Financial review of operations

Financial review of operations

Similar to the previous year, the NLB Group’s operations were strongly affected by the lingering economic crisis in Slovenia and the majority of countries where the Group operates. This was reflected on the one hand in low growth in lending and in a rise in the proportion of bad claims on the other. The latter, in particular, has required a high level of asset impairments. In addition to the impairment of the credit portfolio, the impairment of capital investments and securities received as collateral, and provisions for reorganization costs also had a significant impact on results. In 2010, these extraordinary business events had a negative impact on the Group’s results in the amount of EUR 67.5 million and on the Bank’s results in the amount of EUR 107.3 million.

Despite growth in revenue and the streamlining of costs, prudence required the creation of impairments and provisions exceeding generated profits. The Group thus generated a net loss after taxes of EUR 202.3 million in 2010, while the Bank’s ended the year with a loss of EUR 183.4 million.

Comprehensive income, which includes the effects of revaluation recognized in equity, amounted to -EUR 206.1 million at the Group, and -EUR 184.1 million at the Bank level.

As a response at the adverse conditions and the need to increase capital, the NLB Group adopted a new strategy in 2010 that envisages a contraction in operations and the maintaining of only strategic activities on markets, and a reduction in operating costs and the optimization of business processes. The implementation of the program of activities for the realization of the objectives set out in the strategy began in earnest, and was reflected in part in lower total assets at the end of the year.

The scope of the Group remained unchanged at the end of 2010. However, the investment in the subsidiary bank NLB Banka Sofia was disclosed in non-current assets held for sale at the end of 2010 due to its impending sales. The aforementioned disclosure had no impact on the Group’s total assets, nor on its capital, while certain items in the Group’s statement of financial position were disclosed without NLB Banka Sofia. The aforementioned bank is the smallest in the NLB Group in terms of total assets, and thus has no material impact of individual items in the statement of financial position. The bank’s credit portfolio represents 0.5% of the Group’s portfolio, while the proportion of deposits by the non-banking sector is even lower, at 0.2%.

 

Contribution of individual activities to the NLB Group’s results

Given the structure of its total assets, the NLB Group is primarily a banking group. In recent years, focus has also been placed on other activities such as leasing, factoring and forfeiting, which at the end of 2010 accounted for 5.9% of total assets. In accordance with its new strategy, the Group will once again focus primarily on its core banking activity.

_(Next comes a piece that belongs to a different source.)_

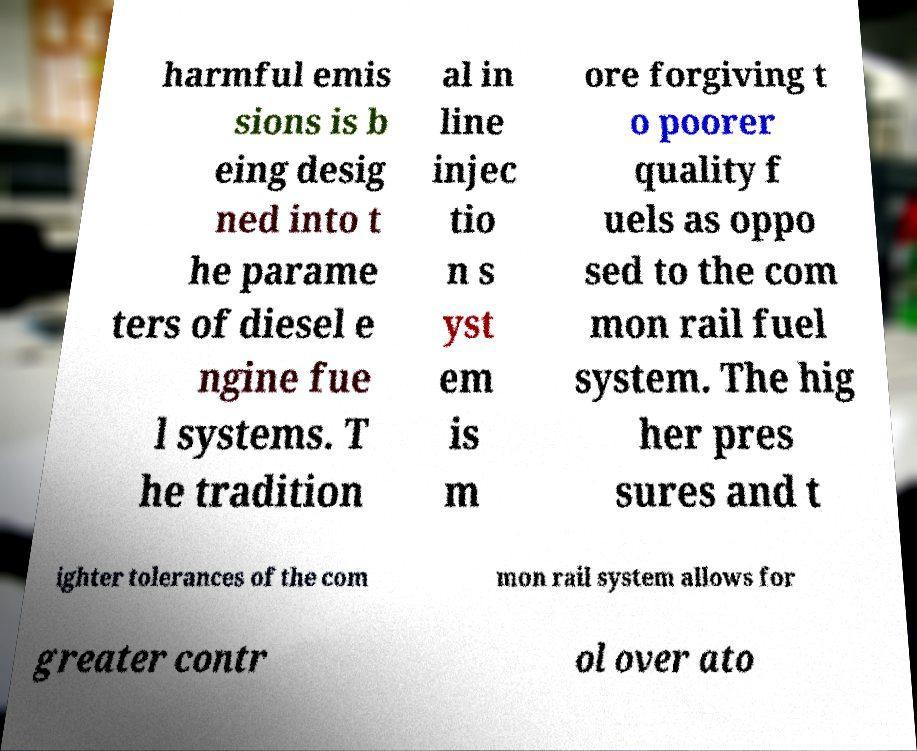Could you assist in decoding the text presented in this image and type it out clearly? harmful emis sions is b eing desig ned into t he parame ters of diesel e ngine fue l systems. T he tradition al in line injec tio n s yst em is m ore forgiving t o poorer quality f uels as oppo sed to the com mon rail fuel system. The hig her pres sures and t ighter tolerances of the com mon rail system allows for greater contr ol over ato 
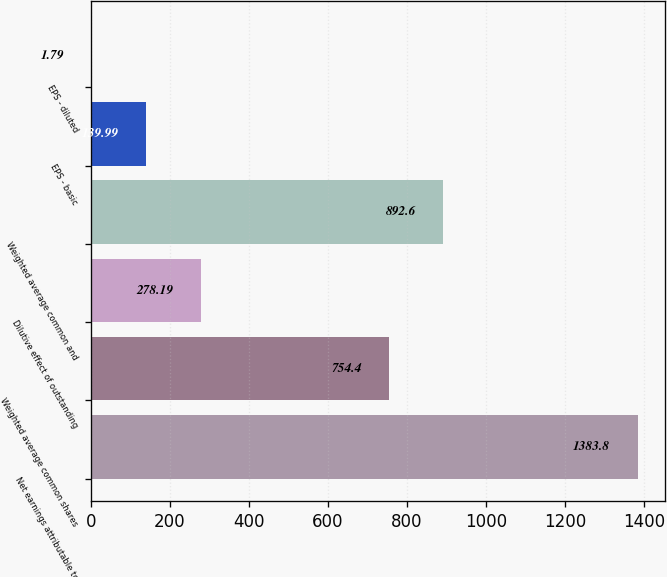<chart> <loc_0><loc_0><loc_500><loc_500><bar_chart><fcel>Net earnings attributable to<fcel>Weighted average common shares<fcel>Dilutive effect of outstanding<fcel>Weighted average common and<fcel>EPS - basic<fcel>EPS - diluted<nl><fcel>1383.8<fcel>754.4<fcel>278.19<fcel>892.6<fcel>139.99<fcel>1.79<nl></chart> 
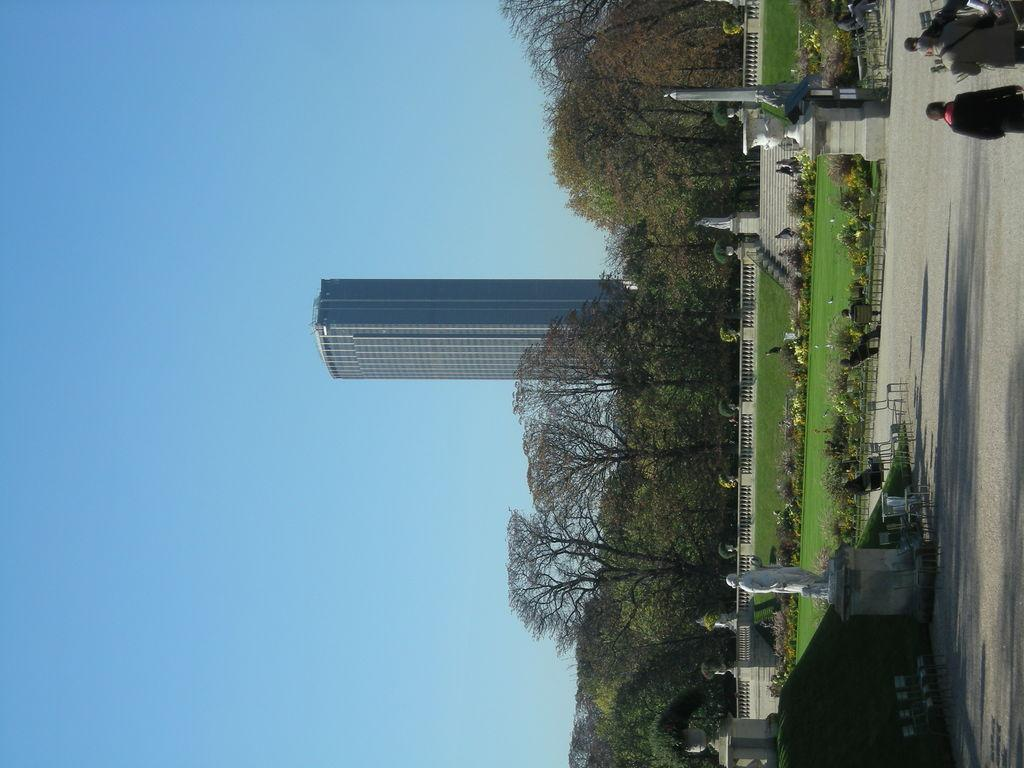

Banks have been severely affected by payment delays in the last year. The impact has been even more evident on factoring and leasing companies, whose operations are, by nature, riskier with regard to payments.

Banks operating on the markets of the former Yugoslavia were somewhat less affected by growth in non-performing loans in 2010. The majority of banks thus generated a profit, as the need for impairments was also lower. A recovery in the mutual fund and asset management market was reflected in the profit of asset management and banking-insurance companies.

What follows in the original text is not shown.